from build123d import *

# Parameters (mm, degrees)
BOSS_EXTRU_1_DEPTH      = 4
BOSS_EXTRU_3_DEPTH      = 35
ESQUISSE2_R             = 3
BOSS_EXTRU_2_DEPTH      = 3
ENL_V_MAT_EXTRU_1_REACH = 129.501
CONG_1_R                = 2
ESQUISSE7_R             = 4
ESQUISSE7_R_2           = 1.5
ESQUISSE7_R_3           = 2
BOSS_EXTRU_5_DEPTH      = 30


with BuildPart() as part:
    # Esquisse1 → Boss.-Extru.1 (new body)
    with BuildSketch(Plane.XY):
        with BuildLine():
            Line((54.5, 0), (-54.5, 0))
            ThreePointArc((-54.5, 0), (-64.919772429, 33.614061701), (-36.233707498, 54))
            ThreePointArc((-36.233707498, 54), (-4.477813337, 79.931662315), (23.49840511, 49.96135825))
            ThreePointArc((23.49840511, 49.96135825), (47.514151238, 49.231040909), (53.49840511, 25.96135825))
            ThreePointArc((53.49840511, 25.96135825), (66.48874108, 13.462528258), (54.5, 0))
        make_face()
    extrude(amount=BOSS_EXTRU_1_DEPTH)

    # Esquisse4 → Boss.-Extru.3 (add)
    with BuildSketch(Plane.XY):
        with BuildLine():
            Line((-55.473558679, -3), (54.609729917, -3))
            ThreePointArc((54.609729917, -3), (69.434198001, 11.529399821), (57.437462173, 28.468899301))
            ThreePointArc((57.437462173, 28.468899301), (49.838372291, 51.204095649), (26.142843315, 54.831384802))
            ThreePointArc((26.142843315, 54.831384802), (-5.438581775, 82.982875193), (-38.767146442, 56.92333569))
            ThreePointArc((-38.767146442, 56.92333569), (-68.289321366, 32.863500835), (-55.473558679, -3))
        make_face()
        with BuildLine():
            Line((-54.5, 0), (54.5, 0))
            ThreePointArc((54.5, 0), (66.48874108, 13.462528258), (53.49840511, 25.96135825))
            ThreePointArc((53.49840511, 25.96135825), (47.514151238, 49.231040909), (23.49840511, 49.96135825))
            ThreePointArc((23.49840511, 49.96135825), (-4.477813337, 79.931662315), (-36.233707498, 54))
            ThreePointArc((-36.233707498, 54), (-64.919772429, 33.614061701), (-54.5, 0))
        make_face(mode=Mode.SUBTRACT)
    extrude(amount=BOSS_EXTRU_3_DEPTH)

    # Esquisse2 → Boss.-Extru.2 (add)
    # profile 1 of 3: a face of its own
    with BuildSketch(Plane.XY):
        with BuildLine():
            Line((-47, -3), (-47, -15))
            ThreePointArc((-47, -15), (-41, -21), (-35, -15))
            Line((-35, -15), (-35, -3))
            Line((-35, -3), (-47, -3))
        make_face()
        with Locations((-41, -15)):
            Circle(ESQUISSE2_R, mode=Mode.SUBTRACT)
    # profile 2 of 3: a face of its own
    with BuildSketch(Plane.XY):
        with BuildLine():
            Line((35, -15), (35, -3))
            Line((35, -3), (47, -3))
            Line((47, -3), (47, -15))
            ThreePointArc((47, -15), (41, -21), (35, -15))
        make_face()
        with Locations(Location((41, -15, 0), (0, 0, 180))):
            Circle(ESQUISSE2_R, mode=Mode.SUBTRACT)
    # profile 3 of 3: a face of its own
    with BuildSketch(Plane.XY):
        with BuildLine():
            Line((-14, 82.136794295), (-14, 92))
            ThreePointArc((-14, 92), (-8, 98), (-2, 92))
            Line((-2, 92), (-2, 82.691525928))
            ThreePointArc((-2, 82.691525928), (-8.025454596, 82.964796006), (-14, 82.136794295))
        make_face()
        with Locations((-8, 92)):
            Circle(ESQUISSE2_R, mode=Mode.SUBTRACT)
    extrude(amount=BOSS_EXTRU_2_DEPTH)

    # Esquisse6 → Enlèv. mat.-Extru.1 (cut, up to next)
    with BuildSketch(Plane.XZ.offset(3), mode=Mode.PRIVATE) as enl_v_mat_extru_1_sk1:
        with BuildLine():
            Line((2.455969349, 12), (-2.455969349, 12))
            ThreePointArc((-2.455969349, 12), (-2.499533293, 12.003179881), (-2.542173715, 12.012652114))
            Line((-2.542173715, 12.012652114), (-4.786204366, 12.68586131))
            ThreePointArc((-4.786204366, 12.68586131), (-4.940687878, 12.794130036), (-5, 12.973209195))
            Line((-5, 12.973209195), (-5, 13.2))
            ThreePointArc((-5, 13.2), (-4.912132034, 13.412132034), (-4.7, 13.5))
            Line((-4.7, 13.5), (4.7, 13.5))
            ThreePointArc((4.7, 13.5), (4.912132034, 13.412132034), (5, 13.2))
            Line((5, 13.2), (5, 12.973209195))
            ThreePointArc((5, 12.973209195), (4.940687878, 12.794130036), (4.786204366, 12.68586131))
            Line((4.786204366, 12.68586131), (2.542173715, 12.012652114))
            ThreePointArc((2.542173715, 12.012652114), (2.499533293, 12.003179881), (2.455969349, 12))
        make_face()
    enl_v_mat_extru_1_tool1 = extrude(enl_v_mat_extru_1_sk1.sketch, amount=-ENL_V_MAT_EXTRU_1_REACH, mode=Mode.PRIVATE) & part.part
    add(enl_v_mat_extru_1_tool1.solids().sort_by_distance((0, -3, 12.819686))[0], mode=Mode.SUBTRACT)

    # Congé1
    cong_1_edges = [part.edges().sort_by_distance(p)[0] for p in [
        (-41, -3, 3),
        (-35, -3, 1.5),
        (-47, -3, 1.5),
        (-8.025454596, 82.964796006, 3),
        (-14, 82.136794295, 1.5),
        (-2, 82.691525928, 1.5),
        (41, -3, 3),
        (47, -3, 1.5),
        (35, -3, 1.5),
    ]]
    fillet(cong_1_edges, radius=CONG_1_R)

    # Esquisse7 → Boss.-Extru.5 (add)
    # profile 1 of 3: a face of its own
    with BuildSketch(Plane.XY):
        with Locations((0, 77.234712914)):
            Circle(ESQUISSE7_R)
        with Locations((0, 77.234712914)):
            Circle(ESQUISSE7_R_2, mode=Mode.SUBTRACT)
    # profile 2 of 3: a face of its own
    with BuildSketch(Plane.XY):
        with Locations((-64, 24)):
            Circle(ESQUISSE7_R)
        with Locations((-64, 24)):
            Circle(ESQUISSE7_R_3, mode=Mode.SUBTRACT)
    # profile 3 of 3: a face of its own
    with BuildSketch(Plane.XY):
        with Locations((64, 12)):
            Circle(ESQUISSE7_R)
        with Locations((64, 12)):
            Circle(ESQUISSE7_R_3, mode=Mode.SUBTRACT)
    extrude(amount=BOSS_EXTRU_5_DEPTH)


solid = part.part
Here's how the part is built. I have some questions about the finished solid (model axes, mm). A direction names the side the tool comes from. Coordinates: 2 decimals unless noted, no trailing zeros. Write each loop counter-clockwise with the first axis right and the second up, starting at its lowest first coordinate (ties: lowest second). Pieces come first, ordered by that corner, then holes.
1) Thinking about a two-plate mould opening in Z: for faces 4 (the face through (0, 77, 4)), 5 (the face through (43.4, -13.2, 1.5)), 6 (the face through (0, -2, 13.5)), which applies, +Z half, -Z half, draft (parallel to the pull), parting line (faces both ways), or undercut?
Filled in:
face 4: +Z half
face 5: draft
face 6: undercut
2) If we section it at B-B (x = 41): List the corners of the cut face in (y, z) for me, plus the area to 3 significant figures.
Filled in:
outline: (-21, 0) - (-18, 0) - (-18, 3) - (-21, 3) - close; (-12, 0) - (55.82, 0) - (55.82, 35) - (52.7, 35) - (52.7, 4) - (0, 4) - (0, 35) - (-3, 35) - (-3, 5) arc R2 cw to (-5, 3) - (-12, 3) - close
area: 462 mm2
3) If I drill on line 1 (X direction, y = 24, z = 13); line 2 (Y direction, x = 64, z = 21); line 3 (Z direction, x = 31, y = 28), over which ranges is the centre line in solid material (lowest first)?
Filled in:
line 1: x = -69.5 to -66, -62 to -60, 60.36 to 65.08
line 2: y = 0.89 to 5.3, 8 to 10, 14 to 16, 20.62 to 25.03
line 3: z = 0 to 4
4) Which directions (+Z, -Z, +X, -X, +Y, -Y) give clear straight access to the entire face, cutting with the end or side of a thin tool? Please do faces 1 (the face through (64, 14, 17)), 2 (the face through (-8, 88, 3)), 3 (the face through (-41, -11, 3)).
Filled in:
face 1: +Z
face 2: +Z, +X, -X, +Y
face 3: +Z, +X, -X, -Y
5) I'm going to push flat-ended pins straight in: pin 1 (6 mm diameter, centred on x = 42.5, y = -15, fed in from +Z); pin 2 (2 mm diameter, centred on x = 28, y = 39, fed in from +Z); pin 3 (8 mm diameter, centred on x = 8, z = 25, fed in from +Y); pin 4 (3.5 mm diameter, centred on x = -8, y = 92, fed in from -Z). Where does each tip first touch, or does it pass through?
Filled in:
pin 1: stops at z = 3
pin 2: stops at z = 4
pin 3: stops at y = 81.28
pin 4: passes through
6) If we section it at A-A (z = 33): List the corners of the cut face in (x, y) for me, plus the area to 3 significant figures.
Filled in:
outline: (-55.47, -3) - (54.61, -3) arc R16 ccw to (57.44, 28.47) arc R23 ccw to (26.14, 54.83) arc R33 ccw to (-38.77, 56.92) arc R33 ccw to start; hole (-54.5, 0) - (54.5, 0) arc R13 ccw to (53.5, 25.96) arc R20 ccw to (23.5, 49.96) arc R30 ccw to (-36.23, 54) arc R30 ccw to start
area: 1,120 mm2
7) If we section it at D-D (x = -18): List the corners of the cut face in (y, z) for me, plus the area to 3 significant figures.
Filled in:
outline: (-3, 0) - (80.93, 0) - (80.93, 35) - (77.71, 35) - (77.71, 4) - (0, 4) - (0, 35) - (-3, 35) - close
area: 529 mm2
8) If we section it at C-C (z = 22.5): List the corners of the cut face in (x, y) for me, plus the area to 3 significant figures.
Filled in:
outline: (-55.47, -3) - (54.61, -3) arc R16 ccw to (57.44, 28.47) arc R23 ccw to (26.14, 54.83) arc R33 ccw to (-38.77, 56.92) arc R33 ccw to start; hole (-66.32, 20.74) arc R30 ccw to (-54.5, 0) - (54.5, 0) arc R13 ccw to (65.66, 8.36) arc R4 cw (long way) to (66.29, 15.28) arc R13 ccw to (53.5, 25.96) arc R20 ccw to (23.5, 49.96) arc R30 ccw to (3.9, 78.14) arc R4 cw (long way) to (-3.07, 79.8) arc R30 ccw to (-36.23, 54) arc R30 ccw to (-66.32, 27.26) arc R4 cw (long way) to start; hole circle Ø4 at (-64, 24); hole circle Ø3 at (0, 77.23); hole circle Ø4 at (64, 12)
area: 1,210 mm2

****

#### [The task]
Retrieve each line of the data in which the word "section" can be found.

#### [Solution for this exercise]
2) If we section it at B-B (x = 41): List the corners of the cut face in (y, z) for me, plus the area to 3 significant figures.
6) If we section it at A-A (z = 33): List the corners of the cut face in (x, y) for me, plus the area to 3 significant figures.
7) If we section it at D-D (x = -18): List the corners of the cut face in (y, z) for me, plus the area to 3 significant figures.
8) If we section it at C-C (z = 22.5): List the corners of the cut face in (x, y) for me, plus the area to 3 significant figures.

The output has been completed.